*Your assignment*. State only how many lines below include the word "which".
----
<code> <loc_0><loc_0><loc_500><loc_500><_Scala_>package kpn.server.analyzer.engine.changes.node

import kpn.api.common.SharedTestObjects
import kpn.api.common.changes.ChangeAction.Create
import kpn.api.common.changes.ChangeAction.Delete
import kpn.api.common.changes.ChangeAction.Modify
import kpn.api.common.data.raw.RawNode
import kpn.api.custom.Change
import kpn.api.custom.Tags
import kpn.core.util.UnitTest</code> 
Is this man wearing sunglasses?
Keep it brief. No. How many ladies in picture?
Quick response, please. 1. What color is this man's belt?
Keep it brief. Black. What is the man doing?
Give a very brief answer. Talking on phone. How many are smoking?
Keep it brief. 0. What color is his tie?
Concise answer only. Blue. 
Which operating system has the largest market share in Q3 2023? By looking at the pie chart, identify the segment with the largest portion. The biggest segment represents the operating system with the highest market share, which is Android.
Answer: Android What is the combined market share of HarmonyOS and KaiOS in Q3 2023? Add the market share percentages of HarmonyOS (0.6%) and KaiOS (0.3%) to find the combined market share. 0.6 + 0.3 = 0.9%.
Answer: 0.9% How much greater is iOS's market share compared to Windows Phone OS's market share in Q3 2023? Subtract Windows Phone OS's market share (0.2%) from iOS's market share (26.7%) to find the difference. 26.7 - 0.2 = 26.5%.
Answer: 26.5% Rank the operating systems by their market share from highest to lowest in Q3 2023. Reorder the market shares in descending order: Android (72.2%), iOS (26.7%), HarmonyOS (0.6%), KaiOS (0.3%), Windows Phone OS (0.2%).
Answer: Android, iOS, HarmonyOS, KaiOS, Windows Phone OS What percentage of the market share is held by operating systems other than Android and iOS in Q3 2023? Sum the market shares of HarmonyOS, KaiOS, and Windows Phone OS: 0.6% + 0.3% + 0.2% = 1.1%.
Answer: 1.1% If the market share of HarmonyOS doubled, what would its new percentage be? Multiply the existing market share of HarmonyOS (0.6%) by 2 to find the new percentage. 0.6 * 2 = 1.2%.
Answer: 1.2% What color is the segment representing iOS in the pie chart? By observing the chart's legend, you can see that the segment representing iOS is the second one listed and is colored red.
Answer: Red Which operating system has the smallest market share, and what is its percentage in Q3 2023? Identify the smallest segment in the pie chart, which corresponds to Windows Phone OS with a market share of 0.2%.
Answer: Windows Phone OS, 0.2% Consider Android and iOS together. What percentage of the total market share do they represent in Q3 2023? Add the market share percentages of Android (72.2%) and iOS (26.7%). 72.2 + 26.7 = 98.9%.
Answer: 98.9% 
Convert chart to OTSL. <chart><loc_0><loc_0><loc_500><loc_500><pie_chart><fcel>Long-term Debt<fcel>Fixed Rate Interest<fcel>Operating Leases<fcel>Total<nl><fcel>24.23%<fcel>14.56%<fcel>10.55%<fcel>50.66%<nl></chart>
----
*Exercise answer*. 2